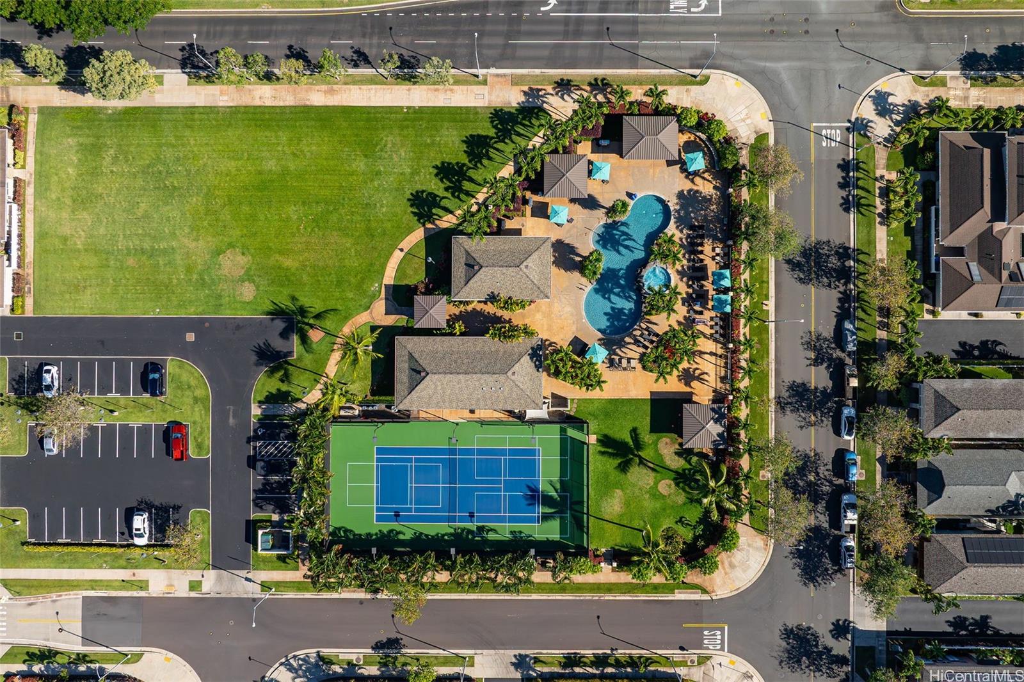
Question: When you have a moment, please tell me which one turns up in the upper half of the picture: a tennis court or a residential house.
residential house
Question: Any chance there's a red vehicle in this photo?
Yes
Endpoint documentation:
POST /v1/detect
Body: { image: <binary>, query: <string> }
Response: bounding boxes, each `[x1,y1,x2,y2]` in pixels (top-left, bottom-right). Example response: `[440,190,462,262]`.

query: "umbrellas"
[711,269,730,289]
[591,162,610,181]
[584,340,609,363]
[684,152,704,172]
[549,205,568,224]
[711,294,730,313]
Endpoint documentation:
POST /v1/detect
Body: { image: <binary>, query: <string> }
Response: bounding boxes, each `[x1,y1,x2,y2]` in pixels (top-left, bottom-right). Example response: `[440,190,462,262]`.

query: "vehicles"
[146,362,164,395]
[842,450,859,481]
[842,364,861,401]
[40,364,59,396]
[840,492,859,534]
[840,319,856,352]
[840,406,858,440]
[131,510,149,544]
[40,425,59,456]
[170,424,188,461]
[839,536,857,569]
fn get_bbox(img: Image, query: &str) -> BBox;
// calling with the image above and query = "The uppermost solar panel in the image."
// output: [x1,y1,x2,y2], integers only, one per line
[997,286,1024,307]
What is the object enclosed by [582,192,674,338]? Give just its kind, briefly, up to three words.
swimming pool
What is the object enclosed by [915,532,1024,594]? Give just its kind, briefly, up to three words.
house
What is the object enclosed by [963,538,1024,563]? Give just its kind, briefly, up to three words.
solar panel
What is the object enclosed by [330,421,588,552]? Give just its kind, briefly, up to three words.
tennis court
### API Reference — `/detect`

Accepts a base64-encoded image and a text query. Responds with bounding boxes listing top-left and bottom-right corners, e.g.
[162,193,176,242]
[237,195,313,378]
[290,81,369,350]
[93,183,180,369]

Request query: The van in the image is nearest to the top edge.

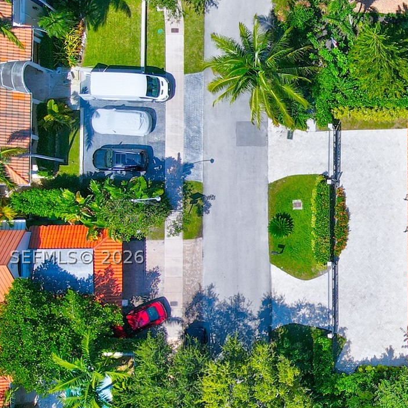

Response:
[80,64,169,98]
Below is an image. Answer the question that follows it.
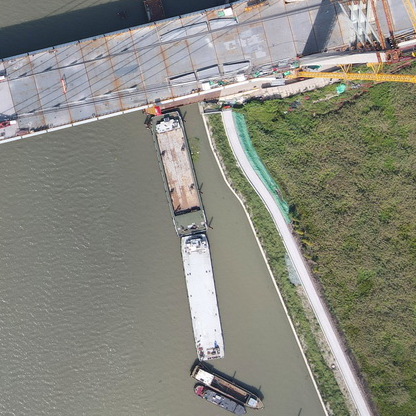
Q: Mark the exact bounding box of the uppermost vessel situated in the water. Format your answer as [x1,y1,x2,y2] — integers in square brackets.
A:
[154,112,206,237]
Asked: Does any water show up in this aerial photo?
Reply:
Yes
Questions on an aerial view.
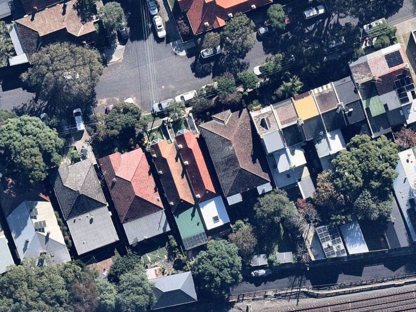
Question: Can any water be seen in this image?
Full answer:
No, the picture contains no water.
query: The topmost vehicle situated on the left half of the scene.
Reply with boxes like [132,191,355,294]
[145,0,159,17]
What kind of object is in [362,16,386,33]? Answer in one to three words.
car
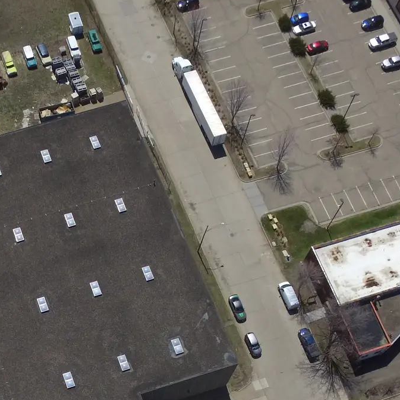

- [Assignment]
Restate each entry word for word, leaving out any pictures.

- [Worked solution]
Question: When you have a moment, please tell me which one turns up in the upper half of the picture: a tennis court or a residential house.
residential house
Question: Any chance there's a red vehicle in this photo?
Yes
Endpoint documentation:
POST /v1/detect
Body: { image: <binary>, query: <string> }
Response: bounding boxes, each `[x1,y1,x2,y2]` in pixels (top-left, bottom-right). Example response: `[440,190,462,262]`.

query: "umbrellas"
[711,269,730,289]
[591,162,610,181]
[584,340,609,363]
[684,152,704,172]
[549,205,568,224]
[711,294,730,313]
Endpoint documentation:
POST /v1/detect
Body: { image: <binary>, query: <string> }
Response: bounding boxes, each `[x1,y1,x2,y2]` in pixels (top-left, bottom-right). Example response: `[440,190,462,262]`.

query: "vehicles"
[146,362,164,395]
[842,450,859,481]
[842,364,861,401]
[40,364,59,396]
[840,492,859,534]
[840,319,856,352]
[840,406,858,440]
[131,510,149,544]
[40,425,59,456]
[170,424,188,461]
[839,536,857,569]
fn get_bbox(img: Image, query: &str) -> BBox;
// calling with the image above and query = "The uppermost solar panel in the image."
// output: [x1,y1,x2,y2], integers only, one per line
[997,286,1024,307]
What is the object enclosed by [582,192,674,338]? Give just its kind, briefly, up to three words.
swimming pool
What is the object enclosed by [915,532,1024,594]? Give just its kind, briefly, up to three words.
house
What is the object enclosed by [963,538,1024,563]? Give just its kind, briefly, up to three words.
solar panel
What is the object enclosed by [330,421,588,552]? Give just its kind, briefly, up to three words.
tennis court
### API Reference — `/detect`

Accepts a base64-encoded image and a text query. Responds with bounding boxes listing top-left and bottom-right corners, e.g.
[162,193,176,242]
[237,195,313,378]
[290,81,369,350]
[93,183,180,369]

Request query: The van in the image is nearest to the top edge.


Response:
[80,64,169,98]
Below is an image. Answer the question that follows it.
Q: Mark the exact bounding box of the uppermost vessel situated in the water. Format your answer as [x1,y1,x2,y2] — integers in square brackets.
A:
[154,112,206,237]
Asked: Does any water show up in this aerial photo?
Reply:
Yes
Questions on an aerial view.
Question: Can any water be seen in this image?
Full answer:
No, the picture contains no water.
query: The topmost vehicle situated on the left half of the scene.
Reply with boxes like [132,191,355,294]
[145,0,159,17]
What kind of object is in [362,16,386,33]? Answer in one to three words.
car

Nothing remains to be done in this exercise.